(Excerpted records)
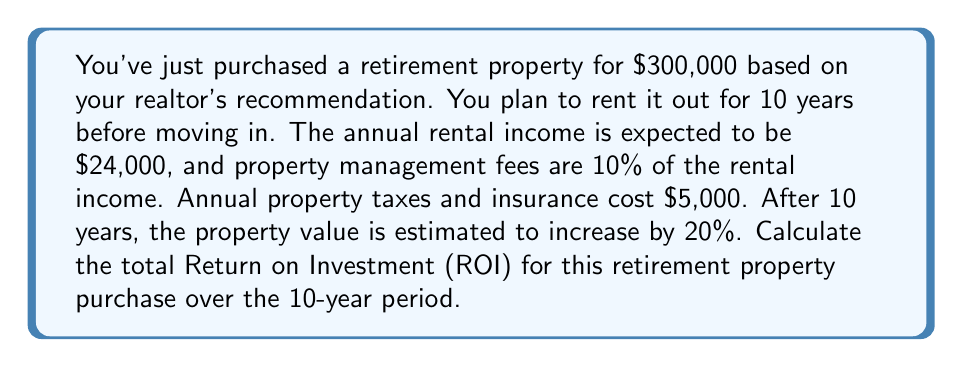Can you solve this math problem? To calculate the ROI, we need to determine the total gain from the investment and divide it by the initial cost. Let's break this down step-by-step:

1. Initial investment: $300,000

2. Annual rental income:
   $24,000 per year

3. Annual expenses:
   Property management fees: $24,000 * 10% = $2,400
   Property taxes and insurance: $5,000
   Total annual expenses: $2,400 + $5,000 = $7,400

4. Annual net income:
   $24,000 - $7,400 = $16,600

5. Total net income over 10 years:
   $16,600 * 10 = $166,000

6. Property value appreciation:
   20% of $300,000 = $60,000

7. Total gain:
   Net rental income + Property appreciation = $166,000 + $60,000 = $226,000

8. ROI calculation:
   $$ROI = \frac{\text{Total Gain}}{\text{Initial Investment}} \times 100\%$$
   
   $$ROI = \frac{226,000}{300,000} \times 100\% = 75.33\%$$

Therefore, the total ROI over the 10-year period is 75.33%.
Answer: 75.33% 
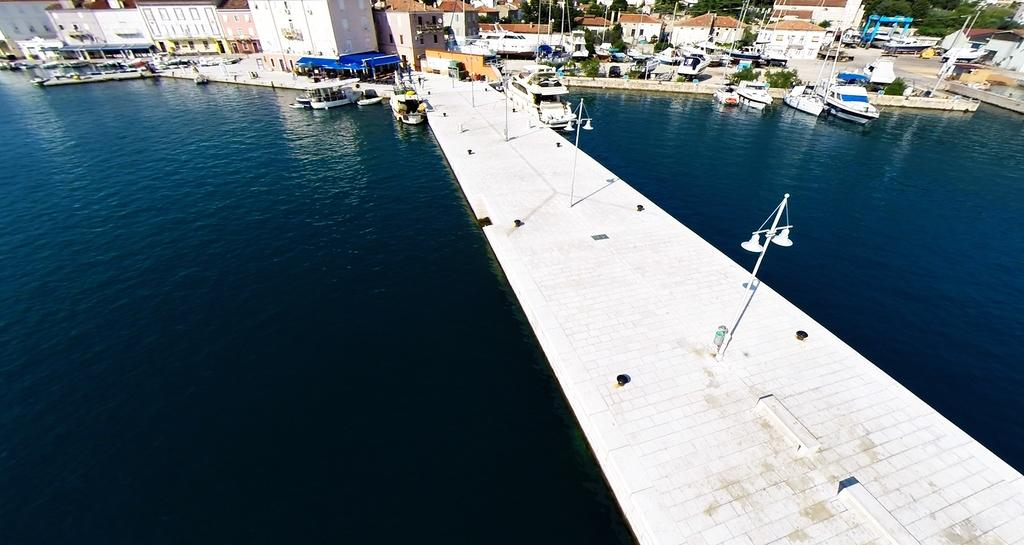What types of vehicles are in the image? There are boats and ships in the image. Where are the boats and ships located in relation to the water? The boats and ships are above the water. What can be seen on the poles in the image? There are lights on poles in the image. What is visible in the background of the image? There are buildings and trees in the background of the image. How does the mother communicate with the boats and ships in the image? There is no mention of a mother in the image, so it is not possible to answer that question. 
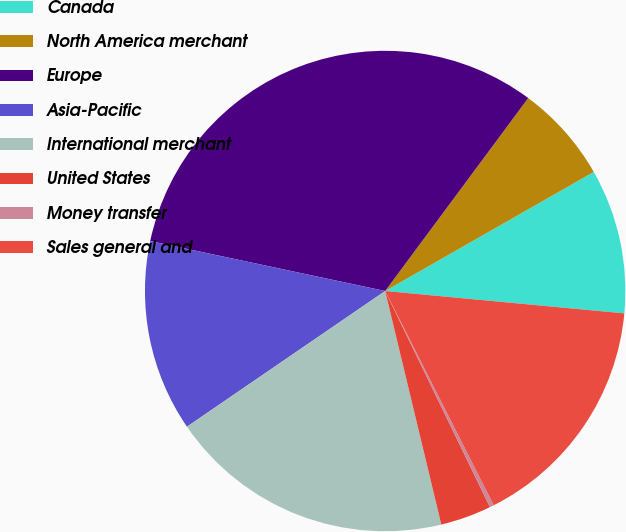Convert chart to OTSL. <chart><loc_0><loc_0><loc_500><loc_500><pie_chart><fcel>Canada<fcel>North America merchant<fcel>Europe<fcel>Asia-Pacific<fcel>International merchant<fcel>United States<fcel>Money transfer<fcel>Sales general and<nl><fcel>9.74%<fcel>6.59%<fcel>31.82%<fcel>12.89%<fcel>19.2%<fcel>3.43%<fcel>0.28%<fcel>16.05%<nl></chart> 
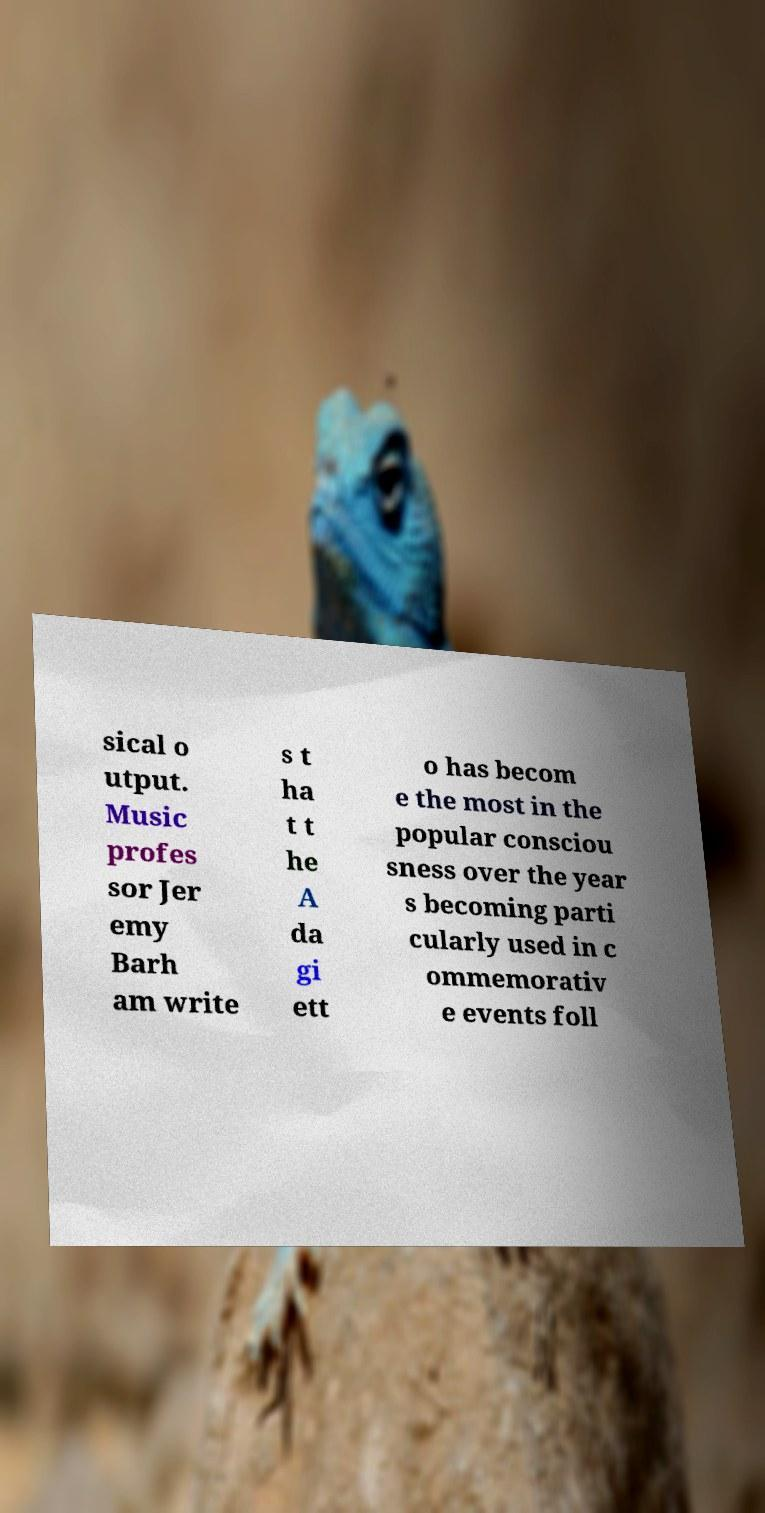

(Description of the task) Beginning with the line above that contains "Therefore, the total" and ending with the line that contains "What types of", quote each line exactly, keeping out the pictures.

(Result)
Therefore, the total ROI over the 10-year period is 75.33%.
Answer: 75.33% 
What types of vehicles are in the image? There are boats and ships in the image. Where are the boats and ships located in relation to the water? The boats and ships are above the water. What can be seen on the poles in the image? There are lights on poles in the image. What is visible in the background of the image? There are buildings and trees in the background of the image. How does the mother communicate with the boats and ships in the image? There is no mention of a mother in the image, so it is not possible to answer that question. 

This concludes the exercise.